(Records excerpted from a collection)
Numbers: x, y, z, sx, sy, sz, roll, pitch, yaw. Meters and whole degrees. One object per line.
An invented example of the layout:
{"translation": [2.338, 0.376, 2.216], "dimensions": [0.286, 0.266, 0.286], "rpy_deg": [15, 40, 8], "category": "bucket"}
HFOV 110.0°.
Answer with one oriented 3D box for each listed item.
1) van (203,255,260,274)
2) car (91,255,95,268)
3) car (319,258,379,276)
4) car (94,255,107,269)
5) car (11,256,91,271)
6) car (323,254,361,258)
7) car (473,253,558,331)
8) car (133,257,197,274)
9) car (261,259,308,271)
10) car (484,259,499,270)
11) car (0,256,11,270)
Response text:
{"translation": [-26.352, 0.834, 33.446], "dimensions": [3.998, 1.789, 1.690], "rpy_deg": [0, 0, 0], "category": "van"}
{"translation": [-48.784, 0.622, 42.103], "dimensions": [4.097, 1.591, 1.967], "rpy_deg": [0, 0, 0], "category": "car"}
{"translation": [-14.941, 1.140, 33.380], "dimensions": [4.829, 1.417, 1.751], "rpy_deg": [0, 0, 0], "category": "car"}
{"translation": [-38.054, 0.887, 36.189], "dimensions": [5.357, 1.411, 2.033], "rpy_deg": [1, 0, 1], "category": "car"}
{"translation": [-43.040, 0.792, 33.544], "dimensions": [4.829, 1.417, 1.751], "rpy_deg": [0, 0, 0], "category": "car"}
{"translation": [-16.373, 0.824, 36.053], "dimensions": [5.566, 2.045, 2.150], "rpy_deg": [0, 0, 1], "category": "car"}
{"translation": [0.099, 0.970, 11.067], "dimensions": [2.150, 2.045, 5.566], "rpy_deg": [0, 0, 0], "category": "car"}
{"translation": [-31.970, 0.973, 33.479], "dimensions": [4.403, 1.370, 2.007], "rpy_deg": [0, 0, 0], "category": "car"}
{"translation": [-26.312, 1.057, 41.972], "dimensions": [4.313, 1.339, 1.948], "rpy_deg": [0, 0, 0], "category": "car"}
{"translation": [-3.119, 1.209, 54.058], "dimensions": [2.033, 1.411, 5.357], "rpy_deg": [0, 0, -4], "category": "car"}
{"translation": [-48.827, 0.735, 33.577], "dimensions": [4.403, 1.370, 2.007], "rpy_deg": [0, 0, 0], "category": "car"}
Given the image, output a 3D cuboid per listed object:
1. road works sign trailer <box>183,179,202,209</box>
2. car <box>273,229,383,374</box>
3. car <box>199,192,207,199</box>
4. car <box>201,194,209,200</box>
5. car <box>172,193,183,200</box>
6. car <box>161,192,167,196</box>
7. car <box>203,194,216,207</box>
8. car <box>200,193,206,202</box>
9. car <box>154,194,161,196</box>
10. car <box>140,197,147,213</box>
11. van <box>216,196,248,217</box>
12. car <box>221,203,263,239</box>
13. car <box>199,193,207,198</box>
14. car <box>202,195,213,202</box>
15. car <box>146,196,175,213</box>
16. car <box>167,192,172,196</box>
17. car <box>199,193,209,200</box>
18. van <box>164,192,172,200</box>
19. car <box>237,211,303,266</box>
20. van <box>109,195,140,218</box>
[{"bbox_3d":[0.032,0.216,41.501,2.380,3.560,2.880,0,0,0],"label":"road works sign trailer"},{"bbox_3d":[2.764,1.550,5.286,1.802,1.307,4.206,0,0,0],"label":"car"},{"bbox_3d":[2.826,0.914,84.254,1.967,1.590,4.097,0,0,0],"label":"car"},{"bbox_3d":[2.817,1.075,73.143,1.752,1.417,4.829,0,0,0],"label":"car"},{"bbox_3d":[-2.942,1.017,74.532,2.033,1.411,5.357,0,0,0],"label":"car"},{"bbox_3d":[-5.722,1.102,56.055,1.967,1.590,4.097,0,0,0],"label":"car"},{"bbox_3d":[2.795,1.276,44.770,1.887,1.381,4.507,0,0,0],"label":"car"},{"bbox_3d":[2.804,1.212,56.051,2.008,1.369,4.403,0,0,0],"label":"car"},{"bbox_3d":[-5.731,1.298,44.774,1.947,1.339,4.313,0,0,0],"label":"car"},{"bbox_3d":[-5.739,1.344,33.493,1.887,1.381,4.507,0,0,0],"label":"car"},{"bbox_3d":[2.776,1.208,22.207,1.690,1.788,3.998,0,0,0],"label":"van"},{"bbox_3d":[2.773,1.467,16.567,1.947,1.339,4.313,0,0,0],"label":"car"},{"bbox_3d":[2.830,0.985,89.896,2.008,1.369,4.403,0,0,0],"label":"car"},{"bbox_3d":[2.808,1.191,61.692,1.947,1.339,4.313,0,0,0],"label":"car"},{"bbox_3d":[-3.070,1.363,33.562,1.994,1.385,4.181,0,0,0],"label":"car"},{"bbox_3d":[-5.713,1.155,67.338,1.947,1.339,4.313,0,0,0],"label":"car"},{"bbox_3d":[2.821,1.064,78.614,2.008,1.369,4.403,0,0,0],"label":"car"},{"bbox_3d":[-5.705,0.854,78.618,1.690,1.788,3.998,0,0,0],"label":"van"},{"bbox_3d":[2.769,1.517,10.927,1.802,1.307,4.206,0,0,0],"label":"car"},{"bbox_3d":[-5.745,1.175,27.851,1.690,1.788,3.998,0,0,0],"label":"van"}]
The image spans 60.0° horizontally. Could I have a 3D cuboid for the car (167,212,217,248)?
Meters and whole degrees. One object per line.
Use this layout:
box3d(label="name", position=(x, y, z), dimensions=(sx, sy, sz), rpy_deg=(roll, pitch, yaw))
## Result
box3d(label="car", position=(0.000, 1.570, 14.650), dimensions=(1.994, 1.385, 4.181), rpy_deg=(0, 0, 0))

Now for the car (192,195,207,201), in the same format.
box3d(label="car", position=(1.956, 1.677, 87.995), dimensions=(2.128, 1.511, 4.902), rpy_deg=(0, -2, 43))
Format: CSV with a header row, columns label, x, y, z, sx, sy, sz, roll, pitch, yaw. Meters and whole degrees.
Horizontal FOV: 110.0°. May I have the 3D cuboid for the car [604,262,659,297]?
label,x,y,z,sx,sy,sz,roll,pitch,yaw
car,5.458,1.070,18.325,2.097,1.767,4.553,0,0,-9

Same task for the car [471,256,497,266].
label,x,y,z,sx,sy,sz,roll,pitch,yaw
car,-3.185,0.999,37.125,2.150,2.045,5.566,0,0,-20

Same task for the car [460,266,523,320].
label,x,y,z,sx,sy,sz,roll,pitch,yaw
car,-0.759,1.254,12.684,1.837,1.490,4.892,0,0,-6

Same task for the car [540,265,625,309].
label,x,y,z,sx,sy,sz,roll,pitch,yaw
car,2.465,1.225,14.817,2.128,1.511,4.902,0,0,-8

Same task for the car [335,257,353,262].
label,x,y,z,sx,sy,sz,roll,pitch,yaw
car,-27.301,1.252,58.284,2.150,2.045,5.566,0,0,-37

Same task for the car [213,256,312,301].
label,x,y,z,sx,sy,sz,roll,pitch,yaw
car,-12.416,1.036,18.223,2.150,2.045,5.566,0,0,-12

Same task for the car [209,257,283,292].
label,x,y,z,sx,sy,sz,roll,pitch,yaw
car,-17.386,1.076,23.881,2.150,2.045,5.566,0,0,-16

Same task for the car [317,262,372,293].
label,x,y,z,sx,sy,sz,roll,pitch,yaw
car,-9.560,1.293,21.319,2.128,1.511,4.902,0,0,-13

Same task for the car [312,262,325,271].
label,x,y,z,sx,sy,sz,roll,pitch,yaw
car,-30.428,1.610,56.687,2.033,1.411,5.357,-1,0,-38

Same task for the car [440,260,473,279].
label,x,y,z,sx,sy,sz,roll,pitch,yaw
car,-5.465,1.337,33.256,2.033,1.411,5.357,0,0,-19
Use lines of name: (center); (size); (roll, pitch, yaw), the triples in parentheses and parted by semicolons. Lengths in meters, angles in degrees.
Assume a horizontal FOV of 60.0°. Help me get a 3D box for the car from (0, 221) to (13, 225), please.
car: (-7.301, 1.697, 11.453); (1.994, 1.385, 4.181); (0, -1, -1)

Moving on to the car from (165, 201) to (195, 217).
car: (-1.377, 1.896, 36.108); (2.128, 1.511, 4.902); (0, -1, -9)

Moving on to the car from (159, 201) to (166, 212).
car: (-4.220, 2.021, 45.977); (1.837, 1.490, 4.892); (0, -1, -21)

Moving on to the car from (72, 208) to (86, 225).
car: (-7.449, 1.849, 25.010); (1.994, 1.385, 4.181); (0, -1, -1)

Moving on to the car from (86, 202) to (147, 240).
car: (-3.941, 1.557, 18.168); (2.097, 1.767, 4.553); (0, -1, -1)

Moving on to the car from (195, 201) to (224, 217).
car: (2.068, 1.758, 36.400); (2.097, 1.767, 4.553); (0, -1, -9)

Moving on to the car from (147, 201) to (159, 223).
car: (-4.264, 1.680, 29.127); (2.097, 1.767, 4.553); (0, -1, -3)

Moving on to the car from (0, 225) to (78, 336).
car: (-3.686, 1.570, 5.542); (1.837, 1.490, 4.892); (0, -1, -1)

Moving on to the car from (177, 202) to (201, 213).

* Work required *
Your response should hold the lines from the first line of the entries above through the line with "2) car (91,255,95,268)", each retyped exactly, and nothing else.

* Task response *
Numbers: x, y, z, sx, sy, sz, roll, pitch, yaw. Meters and whole degrees. One object per line.
An invented example of the layout:
{"translation": [2.338, 0.376, 2.216], "dimensions": [0.286, 0.266, 0.286], "rpy_deg": [15, 40, 8], "category": "bucket"}
HFOV 110.0°.
Answer with one oriented 3D box for each listed item.
1) van (203,255,260,274)
2) car (91,255,95,268)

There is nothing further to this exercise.